- Task -
Write out each record below exactly, without pictures.

:: Records to process

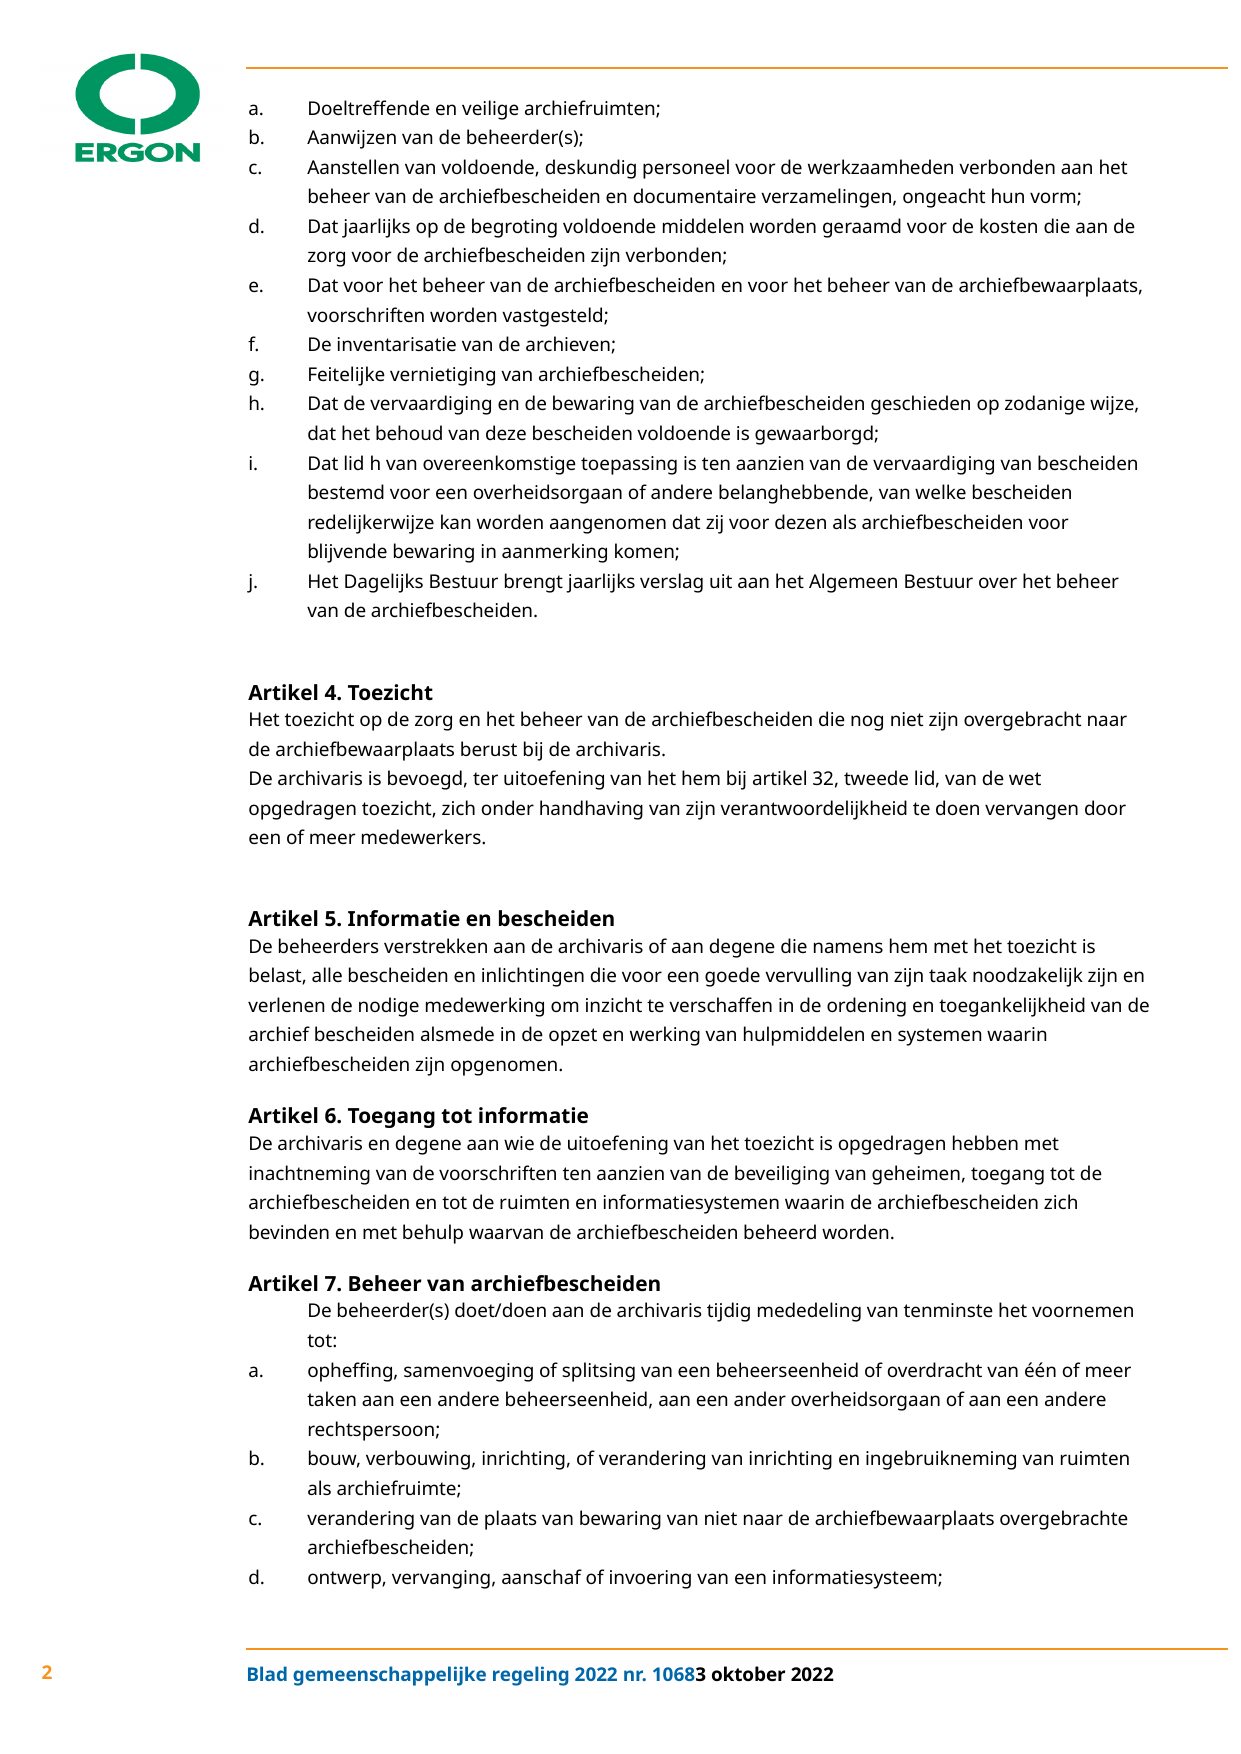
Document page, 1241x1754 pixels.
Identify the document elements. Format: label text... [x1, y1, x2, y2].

list Het Dagelijks Bestuur brengt jaarlijks verslag uit aan het Algemeen Bestuur over het beheer van de archiefbescheiden. [248, 568, 1152, 623]
text Artikel 6. Toegang tot informatie [248, 1102, 1152, 1130]
list opheffing, samenvoeging of splitsing van een beheerseenheid of overdracht van één of meer taken aan een andere beheerseenheid, aan een ander overheidsorgaan of aan een andere rechtspersoon; [248, 1357, 1152, 1442]
list De beheerder(s) doet/doen aan de archivaris tijdig mededeling van tenminste het voornemen tot: [248, 1298, 1152, 1353]
list Dat jaarlijks op de begroting voldoende middelen worden geraamd voor de kosten die aan de zorg voor de archiefbescheiden zijn verbonden; [248, 213, 1152, 268]
text Artikel 5. Informatie en bescheiden [248, 904, 1152, 933]
text De beheerders verstrekken aan de archivaris of aan degene die namens hem met het toezicht is belast, alle bescheiden en inlichtingen die voor een goede vervulling van zijn taak noodzakelijk zijn en verlenen de nodige medewerking om inzicht te verschaffen in de ordening en toegankelijkheid van de archief bescheiden alsmede in de opzet en werking van hulpmiddelen en systemen waarin archiefbescheiden zijn opgenomen. [248, 933, 1152, 1077]
list Feitelijke vernietiging van archiefbescheiden; [248, 361, 1152, 387]
text Artikel 7. Beheer van archiefbescheiden [248, 1269, 1152, 1298]
list Aanstellen van voldoende, deskundig personeel voor de werkzaamheden verbonden aan het beheer van de archiefbescheiden en documentaire verzamelingen, ongeacht hun vorm; [248, 154, 1152, 209]
text De archivaris is bevoegd, ter uitoefening van het hem bij artikel 32, tweede lid, van de wet opgedragen toezicht, zich onder handhaving van zijn verantwoordelijkheid te doen vervangen door een of meer medewerkers. [248, 765, 1152, 850]
list Dat lid h van overeenkomstige toepassing is ten aanzien van de vervaardiging van bescheiden bestemd voor een overheidsorgaan of andere belanghebbende, van welke bescheiden redelijkerwijze kan worden aangenomen dat zij voor dezen als archiefbescheiden voor blijvende bewaring in aanmerking komen; [248, 450, 1152, 564]
list Dat de vervaardiging en de bewaring van de archiefbescheiden geschieden op zodanige wijze, dat het behoud van deze bescheiden voldoende is gewaarborgd; [248, 391, 1152, 446]
list Doeltreffende en veilige archiefruimten; [248, 95, 1152, 121]
list Aanwijzen van de beheerder(s); [248, 124, 1152, 150]
text Artikel 4. Toezicht [248, 678, 1152, 706]
list bouw, verbouwing, inrichting, of verandering van inrichting en ingebruikneming van ruimten als archiefruimte; [248, 1446, 1152, 1501]
list ontwerp, vervanging, aanschaf of invoering van een informatiesysteem; [248, 1564, 1152, 1590]
text De archivaris en degene aan wie de uitoefening van het toezicht is opgedragen hebben met inachtneming van de voorschriften ten aanzien van de beveiliging van geheimen, toegang tot de archiefbescheiden en tot de ruimten en informatiesystemen waarin de archiefbescheiden zich bevinden en met behulp waarvan de archiefbescheiden beheerd worden. [248, 1130, 1152, 1244]
list verandering van de plaats van bewaring van niet naar de archiefbewaarplaats overgebrachte archiefbescheiden; [248, 1505, 1152, 1560]
list Dat voor het beheer van de archiefbescheiden en voor het beheer van de archiefbewaarplaats, voorschriften worden vastgesteld; [248, 272, 1152, 328]
text Het toezicht op de zorg en het beheer van de archiefbescheiden die nog niet zijn overgebracht naar de archiefbewaarplaats berust bij de archivaris. [248, 706, 1152, 761]
list De inventarisatie van de archieven; [248, 331, 1152, 357]
picture [41, 47, 231, 172]
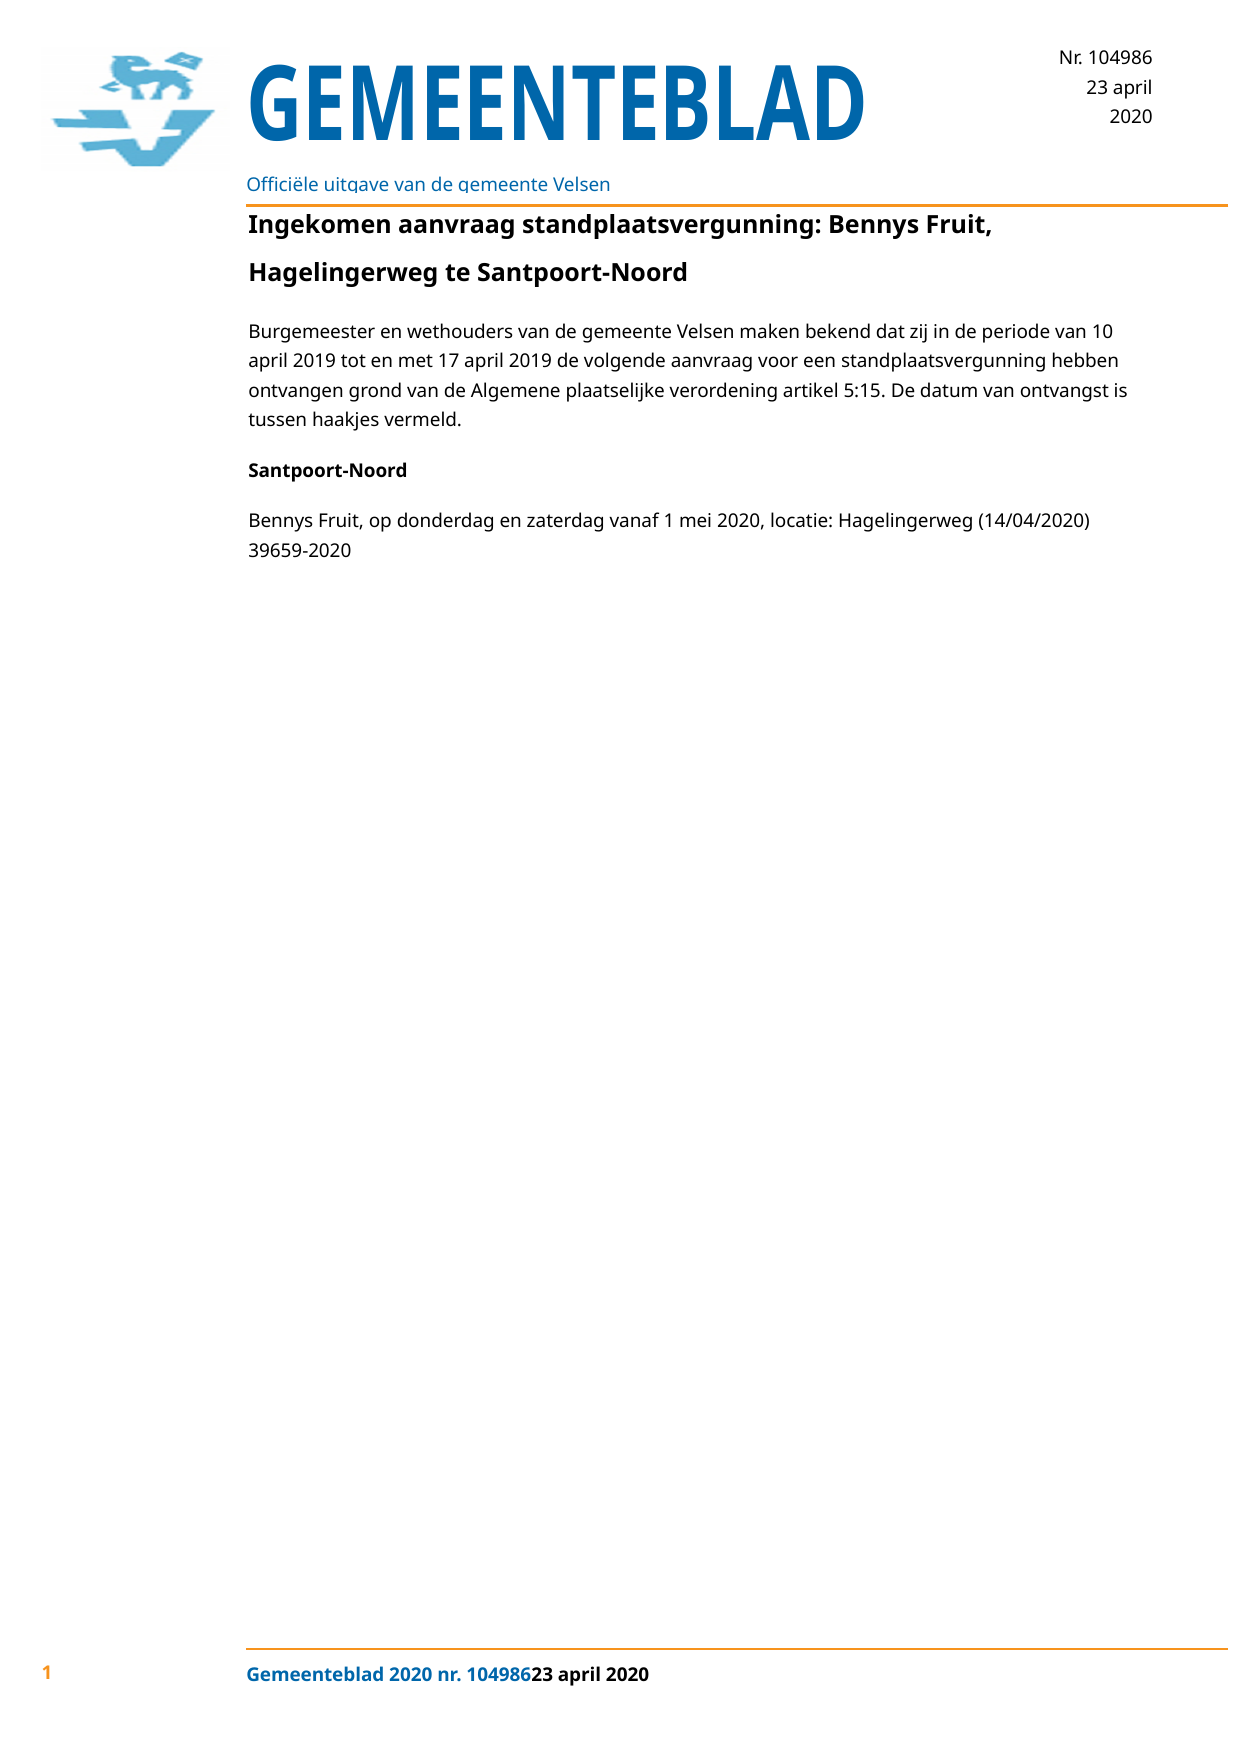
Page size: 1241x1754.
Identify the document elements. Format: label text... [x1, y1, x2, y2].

text Burgemeester en wethouders van de gemeente Velsen maken bekend dat zij in de periode van 10 april 2019 tot en met 17 april 2019 de volgende aanvraag voor een standplaatsvergunning hebben ontvangen grond van de Algemene plaatselijke verordening artikel 5:15. De datum van ontvangst is tussen haakjes vermeld. [248, 318, 1152, 432]
text Bennys Fruit, op donderdag en zaterdag vanaf 1 mei 2020, locatie: Hagelingerweg (14/04/2020) 39659-2020 [248, 507, 1152, 563]
text Ingekomen aanvraag standplaatsvergunning: Bennys Fruit, Hagelingerweg te Santpoort-Noord [248, 207, 1152, 288]
text Santpoort-Noord [248, 457, 1152, 483]
picture [41, 47, 231, 172]

::::

- Exercise output -
Document page, 1241x1754 pixels.
Identify the document elements. Format: label text... [x1, y1, x2, y2].

list Het Dagelijks Bestuur brengt jaarlijks verslag uit aan het Algemeen Bestuur over het beheer van de archiefbescheiden. [248, 568, 1152, 623]
text Artikel 6. Toegang tot informatie [248, 1102, 1152, 1130]
list opheffing, samenvoeging of splitsing van een beheerseenheid of overdracht van één of meer taken aan een andere beheerseenheid, aan een ander overheidsorgaan of aan een andere rechtspersoon; [248, 1357, 1152, 1442]
list De beheerder(s) doet/doen aan de archivaris tijdig mededeling van tenminste het voornemen tot: [248, 1298, 1152, 1353]
list Dat jaarlijks op de begroting voldoende middelen worden geraamd voor de kosten die aan de zorg voor de archiefbescheiden zijn verbonden; [248, 213, 1152, 268]
text Artikel 5. Informatie en bescheiden [248, 904, 1152, 933]
text De beheerders verstrekken aan de archivaris of aan degene die namens hem met het toezicht is belast, alle bescheiden en inlichtingen die voor een goede vervulling van zijn taak noodzakelijk zijn en verlenen de nodige medewerking om inzicht te verschaffen in de ordening en toegankelijkheid van de archief bescheiden alsmede in de opzet en werking van hulpmiddelen en systemen waarin archiefbescheiden zijn opgenomen. [248, 933, 1152, 1077]
list Feitelijke vernietiging van archiefbescheiden; [248, 361, 1152, 387]
text Artikel 7. Beheer van archiefbescheiden [248, 1269, 1152, 1298]
list Aanstellen van voldoende, deskundig personeel voor de werkzaamheden verbonden aan het beheer van de archiefbescheiden en documentaire verzamelingen, ongeacht hun vorm; [248, 154, 1152, 209]
text De archivaris is bevoegd, ter uitoefening van het hem bij artikel 32, tweede lid, van de wet opgedragen toezicht, zich onder handhaving van zijn verantwoordelijkheid te doen vervangen door een of meer medewerkers. [248, 765, 1152, 850]
list Dat lid h van overeenkomstige toepassing is ten aanzien van de vervaardiging van bescheiden bestemd voor een overheidsorgaan of andere belanghebbende, van welke bescheiden redelijkerwijze kan worden aangenomen dat zij voor dezen als archiefbescheiden voor blijvende bewaring in aanmerking komen; [248, 450, 1152, 564]
list Dat de vervaardiging en de bewaring van de archiefbescheiden geschieden op zodanige wijze, dat het behoud van deze bescheiden voldoende is gewaarborgd; [248, 391, 1152, 446]
list Doeltreffende en veilige archiefruimten; [248, 95, 1152, 121]
list Aanwijzen van de beheerder(s); [248, 124, 1152, 150]
text Artikel 4. Toezicht [248, 678, 1152, 706]
list bouw, verbouwing, inrichting, of verandering van inrichting en ingebruikneming van ruimten als archiefruimte; [248, 1446, 1152, 1501]
list ontwerp, vervanging, aanschaf of invoering van een informatiesysteem; [248, 1564, 1152, 1590]
text De archivaris en degene aan wie de uitoefening van het toezicht is opgedragen hebben met inachtneming van de voorschriften ten aanzien van de beveiliging van geheimen, toegang tot de archiefbescheiden en tot de ruimten en informatiesystemen waarin de archiefbescheiden zich bevinden en met behulp waarvan de archiefbescheiden beheerd worden. [248, 1130, 1152, 1244]
list verandering van de plaats van bewaring van niet naar de archiefbewaarplaats overgebrachte archiefbescheiden; [248, 1505, 1152, 1560]
list Dat voor het beheer van de archiefbescheiden en voor het beheer van de archiefbewaarplaats, voorschriften worden vastgesteld; [248, 272, 1152, 328]
text Het toezicht op de zorg en het beheer van de archiefbescheiden die nog niet zijn overgebracht naar de archiefbewaarplaats berust bij de archivaris. [248, 706, 1152, 761]
list De inventarisatie van de archieven; [248, 331, 1152, 357]
picture [41, 47, 231, 172]
Page size: 1241x1754.
Identify the document elements. Format: label text... [x1, y1, x2, y2].

text Burgemeester en wethouders van de gemeente Velsen maken bekend dat zij in de periode van 10 april 2019 tot en met 17 april 2019 de volgende aanvraag voor een standplaatsvergunning hebben ontvangen grond van de Algemene plaatselijke verordening artikel 5:15. De datum van ontvangst is tussen haakjes vermeld. [248, 318, 1152, 432]
text Bennys Fruit, op donderdag en zaterdag vanaf 1 mei 2020, locatie: Hagelingerweg (14/04/2020) 39659-2020 [248, 507, 1152, 563]
text Ingekomen aanvraag standplaatsvergunning: Bennys Fruit, Hagelingerweg te Santpoort-Noord [248, 207, 1152, 288]
text Santpoort-Noord [248, 457, 1152, 483]
picture [41, 47, 231, 172]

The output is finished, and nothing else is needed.